Un elemento especialmente logrado en la novela es la música como metáfora de vida y de redención. Lefty Palmer no es simplemente un pianista frustrado: es un hombre que ha perdido la melodía de su existencia. La necesidad de operarse la mano no es solo física, sino simbólica: quiere recuperar su capacidad para crear belleza, para decir algo valioso al mundo. Pero lo que encuentra es un plan criminal, una oportunidad para sobrevivir a costa de arriesgarlo todo. La música, por tanto, se convierte en el hilo que conecta al personaje con lo mejor de sí mismo, y también con su mayor derrota. La prosa de Juan Madrid también tiene ritmo musical. No en el sentido lírico, sino en el compás. Frases cortas, contundentes, silencios que marcan los tiempos. Como en el jazz, el narrador sabe cuándo dejar que suene la nota y cuándo hacer un corte. Esta técnica refuerza la tensión narrativa y genera una atmósfera que atrapa desde el primer párrafo. La novela avanza como un solo improvisado de piano, con momentos de calma y estallidos de intensidad. Y cuando todo parece desmoronarse, es precisamente la música lo que queda flotando como la única posibilidad de belleza en medio del desastre.

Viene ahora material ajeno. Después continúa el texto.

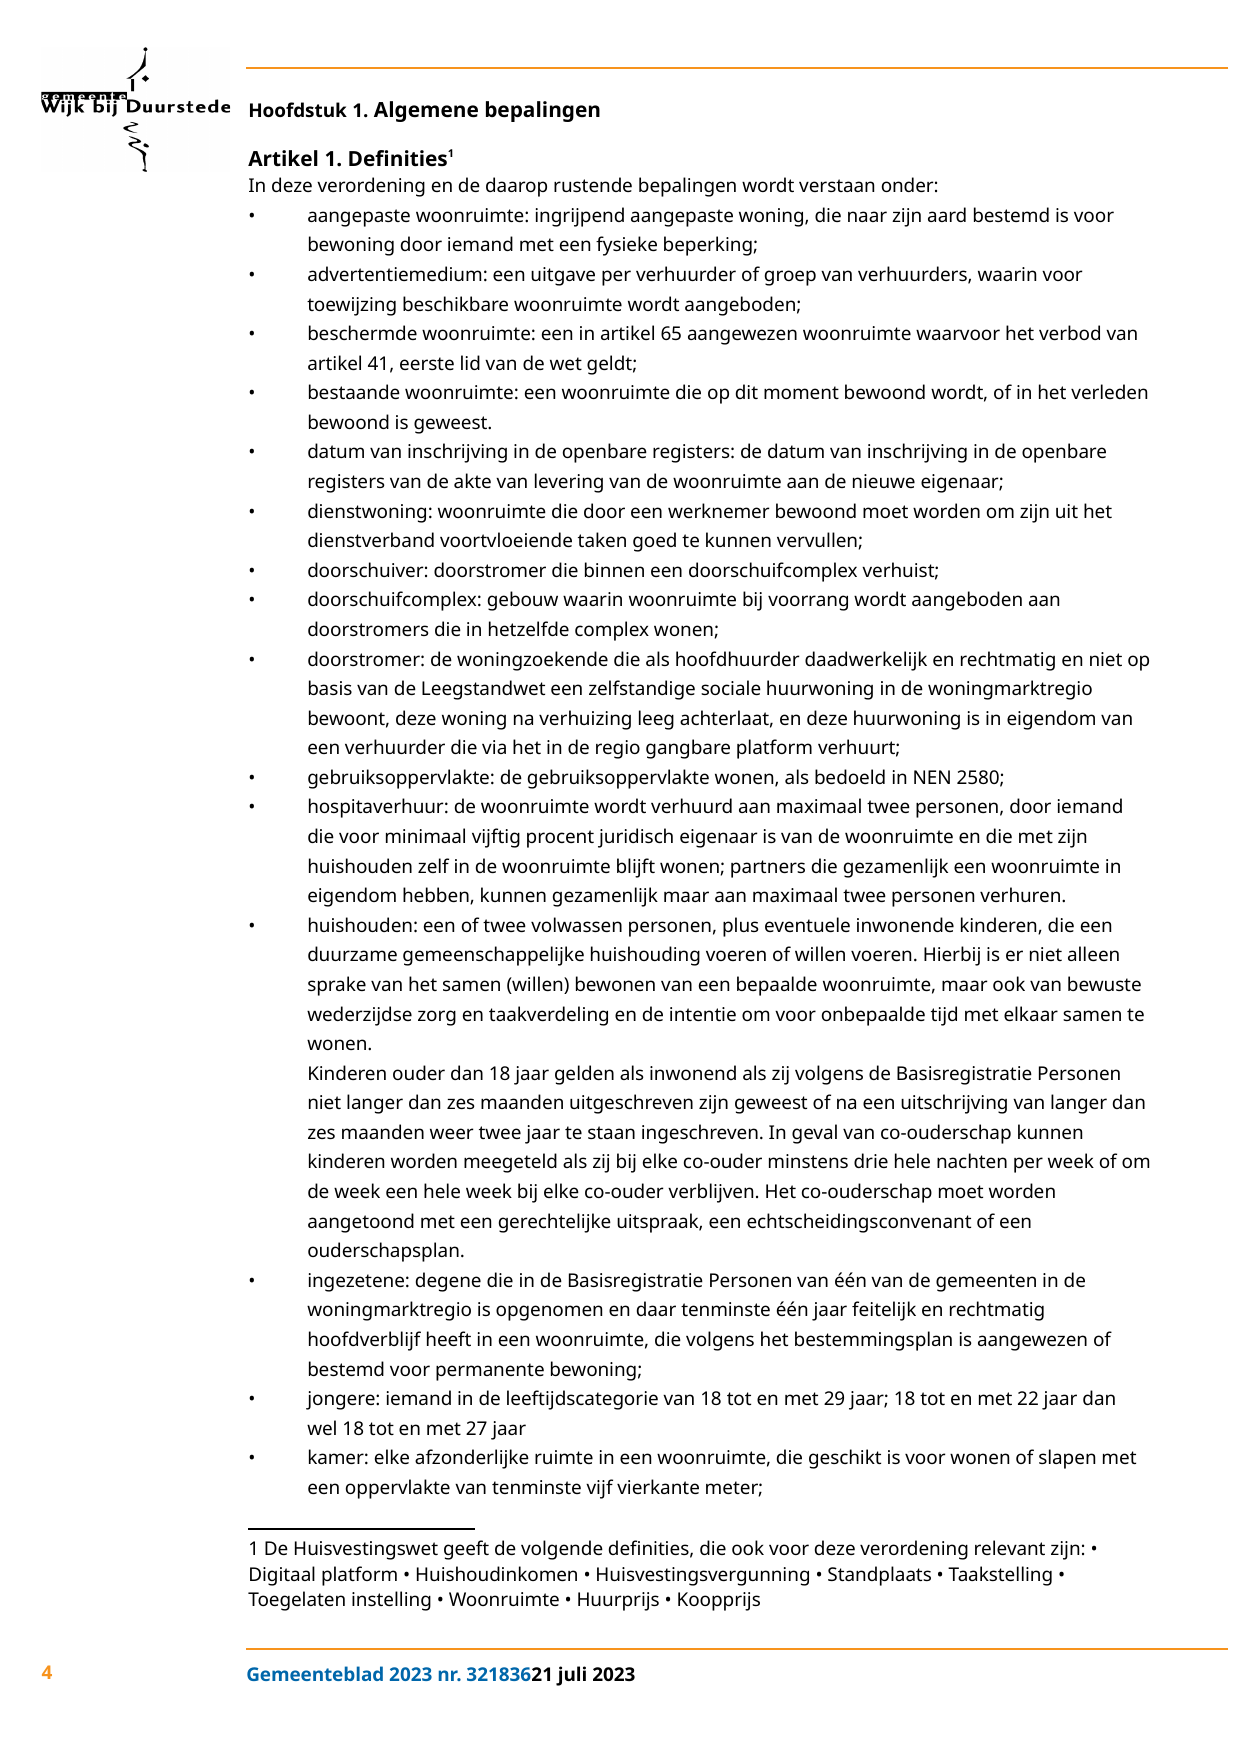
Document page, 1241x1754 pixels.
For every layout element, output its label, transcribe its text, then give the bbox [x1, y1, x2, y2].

text In deze verordening en de daarop rustende bepalingen wordt verstaan onder: [248, 172, 1152, 198]
list dienstwoning: woonruimte die door een werknemer bewoond moet worden om zijn uit het dienstverband voortvloeiende taken goed te kunnen vervullen; [248, 498, 1152, 553]
list gebruiksoppervlakte: de gebruiksoppervlakte wonen, als bedoeld in NEN 2580; [248, 764, 1152, 790]
list bestaande woonruimte: een woonruimte die op dit moment bewoond wordt, of in het verleden bewoond is geweest. [248, 379, 1152, 435]
picture [41, 47, 231, 172]
list huishouden: een of twee volwassen personen, plus eventuele inwonende kinderen, die een duurzame gemeenschappelijke huishouding voeren of willen voeren. Hierbij is er niet alleen sprake van het samen (willen) bewonen van een bepaalde woonruimte, maar ook van bewuste wederzijdse zorg en taakverdeling en de intentie om voor onbepaalde tijd met elkaar samen te wonen. [248, 912, 1152, 1056]
list jongere: iemand in de leeftijdscategorie van 18 tot en met 29 jaar; 18 tot en met 22 jaar dan wel 18 tot en met 27 jaar [248, 1385, 1152, 1441]
text Artikel 1. Definities [248, 144, 1152, 172]
list Kinderen ouder dan 18 jaar gelden als inwonend als zij volgens de Basisregistratie Personen niet langer dan zes maanden uitgeschreven zijn geweest of na een uitschrijving van langer dan zes maanden weer twee jaar te staan ingeschreven. In geval van co-ouderschap kunnen kinderen worden meegeteld als zij bij elke co-ouder minstens drie hele nachten per week of om de week een hele week bij elke co-ouder verblijven. Het co-ouderschap moet worden aangetoond met een gerechtelijke uitspraak, een echtscheidingsconvenant of een ouderschapsplan. [248, 1060, 1152, 1263]
list doorschuiver: doorstromer die binnen een doorschuifcomplex verhuist; [248, 557, 1152, 583]
list aangepaste woonruimte: ingrijpend aangepaste woning, die naar zijn aard bestemd is voor bewoning door iemand met een fysieke beperking; [248, 202, 1152, 257]
list beschermde woonruimte: een in artikel 65 aangewezen woonruimte waarvoor het verbod van artikel 41, eerste lid van de wet geldt; [248, 320, 1152, 376]
list doorstromer: de woningzoekende die als hoofdhuurder daadwerkelijk en rechtmatig en niet op basis van de Leegstandwet een zelfstandige sociale huurwoning in de woningmarktregio bewoont, deze woning na verhuizing leeg achterlaat, en deze huurwoning is in eigendom van een verhuurder die via het in de regio gangbare platform verhuurt; [248, 646, 1152, 760]
list kamer: elke afzonderlijke ruimte in een woonruimte, die geschikt is voor wonen of slapen met een oppervlakte van tenminste vijf vierkante meter; [248, 1444, 1152, 1500]
list hospitaverhuur: de woonruimte wordt verhuurd aan maximaal twee personen, door iemand die voor minimaal vijftig procent juridisch eigenaar is van de woonruimte en die met zijn huishouden zelf in de woonruimte blijft wonen; partners die gezamenlijk een woonruimte in eigendom hebben, kunnen gezamenlijk maar aan maximaal twee personen verhuren. [248, 794, 1152, 908]
text De Huisvestingswet geeft de volgende definities, die ook voor deze verordening relevant zijn: • Digitaal platform • Huishoudinkomen • Huisvestingsvergunning • Standplaats • Taakstelling • Toegelaten instelling • Woonruimte • Huurprijs • Koopprijs [248, 1535, 1152, 1612]
list datum van inschrijving in de openbare registers: de datum van inschrijving in de openbare registers van de akte van levering van de woonruimte aan de nieuwe eigenaar; [248, 439, 1152, 494]
list advertentiemedium: een uitgave per verhuurder of groep van verhuurders, waarin voor toewijzing beschikbare woonruimte wordt aangeboden; [248, 261, 1152, 317]
list ingezetene: degene die in de Basisregistratie Personen van één van de gemeenten in de woningmarktregio is opgenomen en daar tenminste één jaar feitelijk en rechtmatig hoofdverblijf heeft in een woonruimte, die volgens het bestemmingsplan is aangewezen of bestemd voor permanente bewoning; [248, 1267, 1152, 1382]
text Hoofdstuk 1. Algemene bepalingen [248, 95, 1152, 123]
list doorschuifcomplex: gebouw waarin woonruimte bij voorrang wordt aangeboden aan doorstromers die in hetzelfde complex wonen; [248, 587, 1152, 642]

Uno de los rasgos distintivos de Juan Madrid es su capacidad para dotar de dignidad a los derrotados. No los idealiza ni los salva. No hay moralejas ni redenciones fáciles. Pero hay comprensión, incluso ternura. En Cuentas pendientes, los personajes fracasan, mienten, se traicionan. Pero también aman, se esfuerzan, sueñan. Hay una ética de fondo que atraviesa la obra: una defensa implícita de los que ya no tienen nada, pero siguen adelante, incluso cuando saben que el final será trágico. Juan Madrid evita los discursos explícitos, pero su crítica social está siempre presente. La ciudad que retrata está dominada por las élites invisibles, por las estructuras de poder que aplastan a los débiles. La cultura, representada por la galería de arte y el pintor misterioso, es también un espacio de exclusión. El arte no redime, no salva, no consuela: es otro producto más, otra moneda de cambio. Frente a eso, la música de Lefty, aunque rota, sigue teniendo algo de auténtico. Es su único refugio.

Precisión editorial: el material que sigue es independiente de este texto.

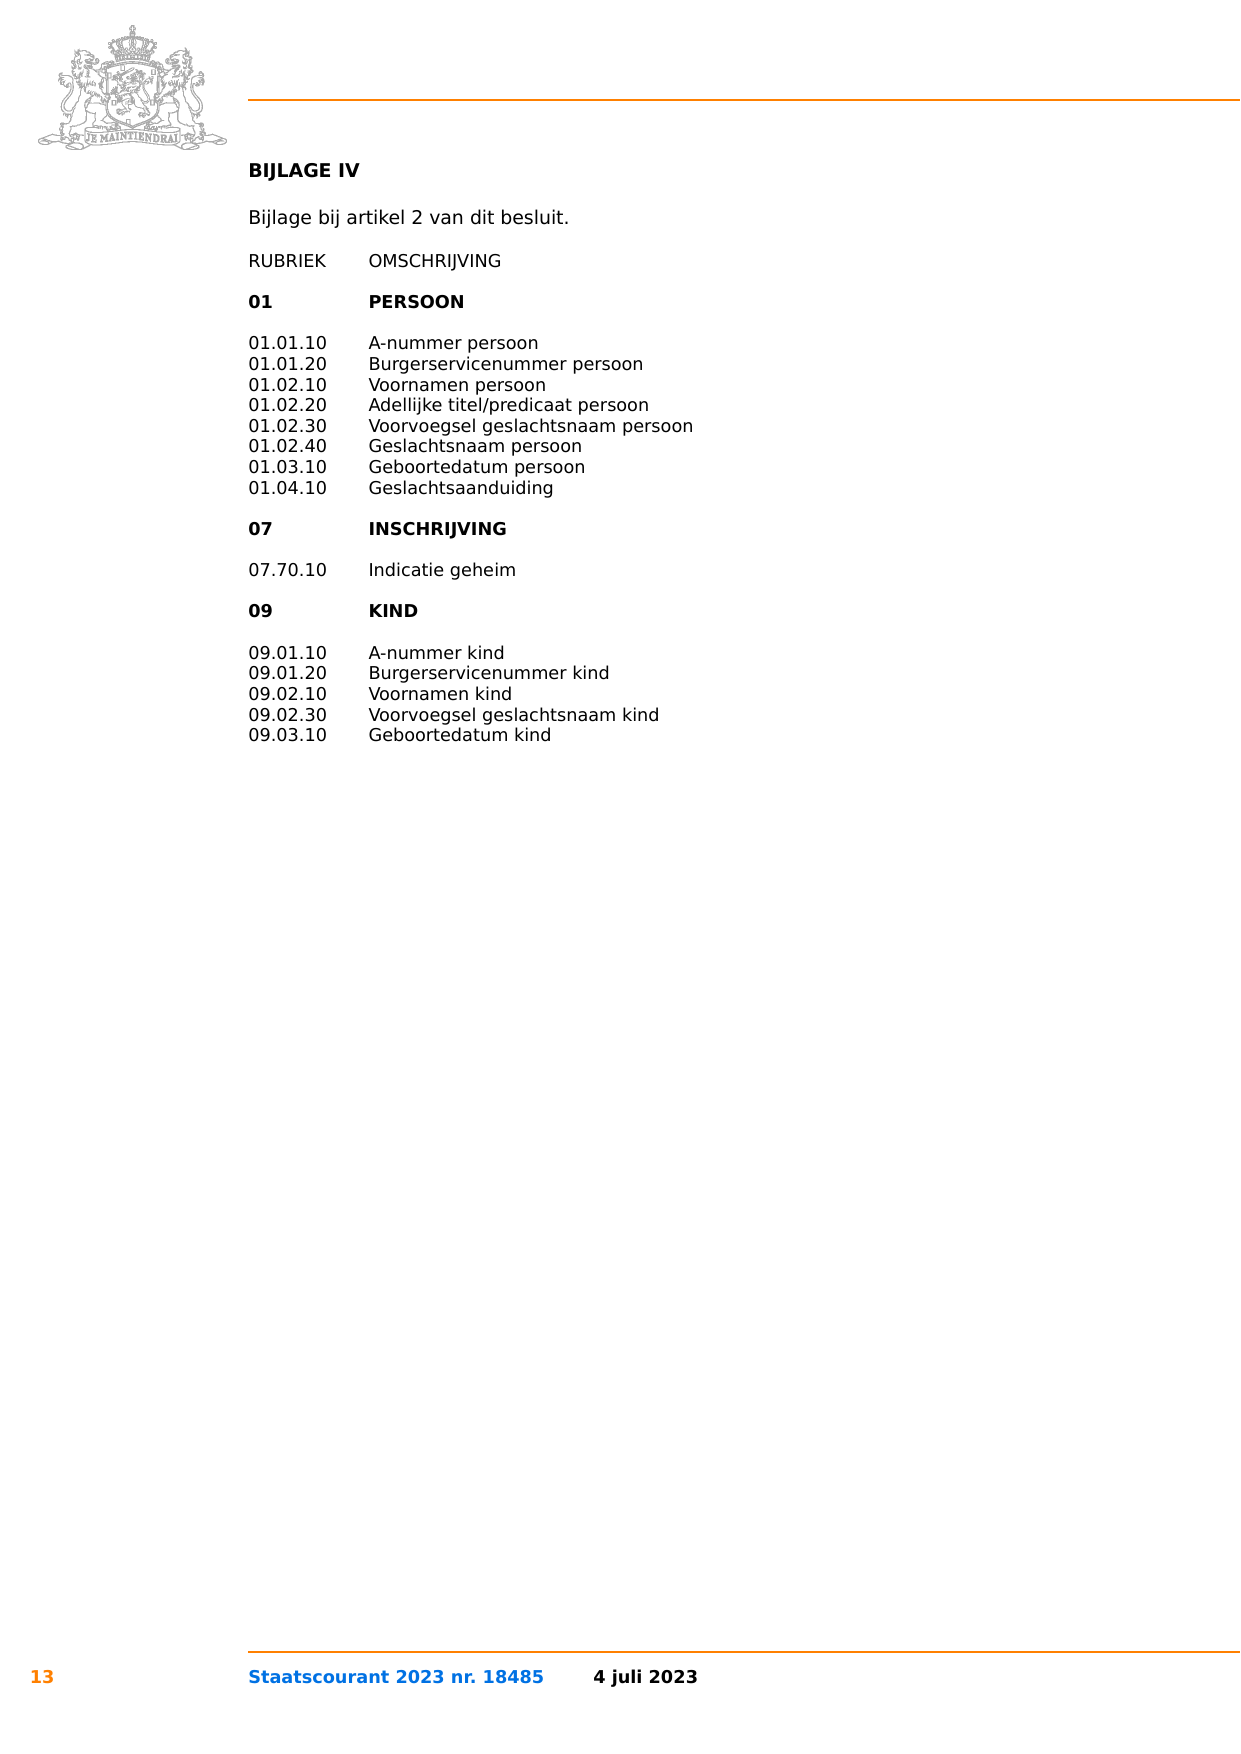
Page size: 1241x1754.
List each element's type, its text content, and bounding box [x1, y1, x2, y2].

table_cell Geslachtsnaam persoon [363, 436, 1163, 457]
table_cell Geslachtsaanduiding [363, 478, 1163, 498]
table_cell Voorvoegsel geslachtsnaam persoon [363, 416, 1163, 436]
table_cell [248, 622, 362, 643]
table_cell 01.03.10 [248, 457, 362, 478]
table_cell Indicatie geheim [363, 560, 1163, 581]
table_cell [248, 498, 362, 519]
table_cell 01.02.10 [248, 375, 362, 395]
table_cell 07.70.10 [248, 560, 362, 581]
table_cell [248, 540, 362, 560]
table_cell 07 [248, 519, 362, 539]
table_cell Voorvoegsel geslachtsnaam kind [363, 705, 1163, 725]
table_cell 09.02.30 [248, 705, 362, 725]
table_cell Geboortedatum persoon [363, 457, 1163, 478]
table_cell [363, 622, 1163, 643]
table_cell 09 [248, 601, 362, 622]
table_cell [363, 271, 1163, 292]
table_cell 09.02.10 [248, 684, 362, 704]
table_cell Voornamen persoon [363, 375, 1163, 395]
table_header OMSCHRIJVING [363, 251, 1163, 271]
table_cell [363, 313, 1163, 333]
table_cell KIND [363, 601, 1163, 622]
table_cell 01.02.40 [248, 436, 362, 457]
table_cell 01 [248, 292, 362, 313]
table_cell [363, 581, 1163, 601]
subtitle BIJLAGE IV [248, 160, 1163, 182]
table_cell [248, 313, 362, 333]
table_cell Voornamen kind [363, 684, 1163, 704]
table_cell 09.01.10 [248, 643, 362, 663]
table_cell A-nummer persoon [363, 333, 1163, 354]
table_cell [363, 540, 1163, 560]
table_cell 01.04.10 [248, 478, 362, 498]
table_cell [248, 581, 362, 601]
table_cell 09.03.10 [248, 725, 362, 746]
table_cell PERSOON [363, 292, 1163, 313]
table_cell [248, 271, 362, 292]
table_cell 01.01.20 [248, 354, 362, 374]
table_cell Burgerservicenummer persoon [363, 354, 1163, 374]
table_cell Burgerservicenummer kind [363, 663, 1163, 684]
table_cell 01.02.20 [248, 395, 362, 416]
table_cell 01.02.30 [248, 416, 362, 436]
table_cell 01.01.10 [248, 333, 362, 354]
table_cell [363, 498, 1163, 519]
table_cell 09.01.20 [248, 663, 362, 684]
table_header RUBRIEK [248, 251, 362, 271]
picture [38, 25, 227, 150]
table_cell Adellijke titel/predicaat persoon [363, 395, 1163, 416]
text Bijlage bij artikel 2 van dit besluit. [248, 207, 1163, 229]
table_cell INSCHRIJVING [363, 519, 1163, 539]
table_cell Geboortedatum kind [363, 725, 1163, 746]
table_cell A-nummer kind [363, 643, 1163, 663]

Cuentas pendientes no es solo una novela negra. Es también una novela sobre la memoria, el fracaso, el deseo y la imposibilidad. Es un homenaje a una tradición literaria y cinematográfica que Juan Madrid conoce a la perfección, pero también una obra con voz propia, dura, honesta, profundamente comprometida con su tiempo. En la mejor tradición del noir, los personajes no buscan justicia ni venganza: solo intentan sobrevivir en un mundo donde todas las deudas parecen imposibles de saldar.

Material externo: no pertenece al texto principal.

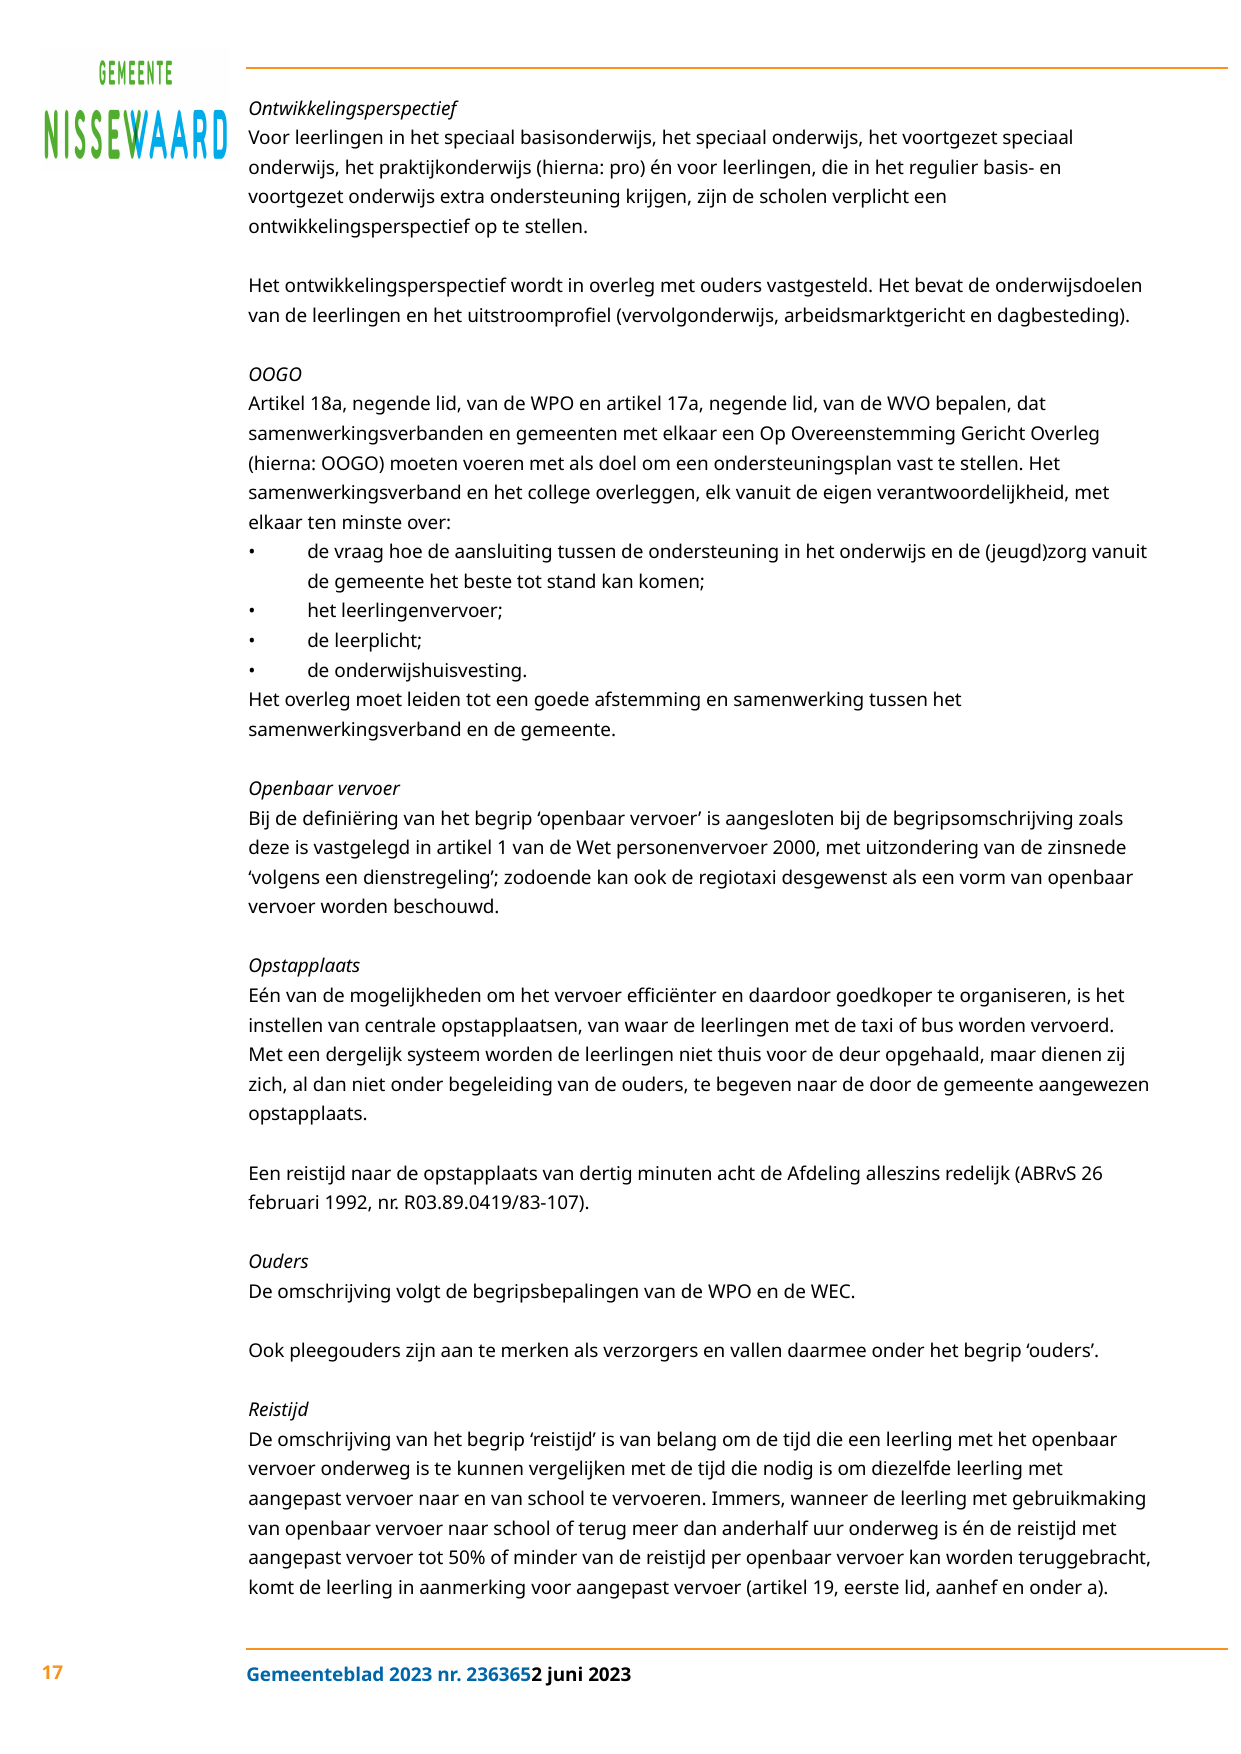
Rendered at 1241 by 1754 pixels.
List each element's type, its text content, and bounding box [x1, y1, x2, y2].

Como ocurre con las grandes novelas del género, Cuentas pendientes deja un poso amargo, pero también cierto fulgor. Hay belleza en medio del barro, hay compasión entre los disparos. Y hay, sobre todo, una mirada lúcida que no se resigna al cinismo ni al conformismo. En una literatura cada vez más domesticada, Juan Madrid sigue siendo un francotirador necesario, un narrador que no tiene miedo de mancharse las manos para contar la verdad de los que ya no tienen voz. Su novela, como el jazz que persigue Lefty Palmer, suena a derrota, sí, pero también a vida. A vida vivida con intensidad, a pesar de todo.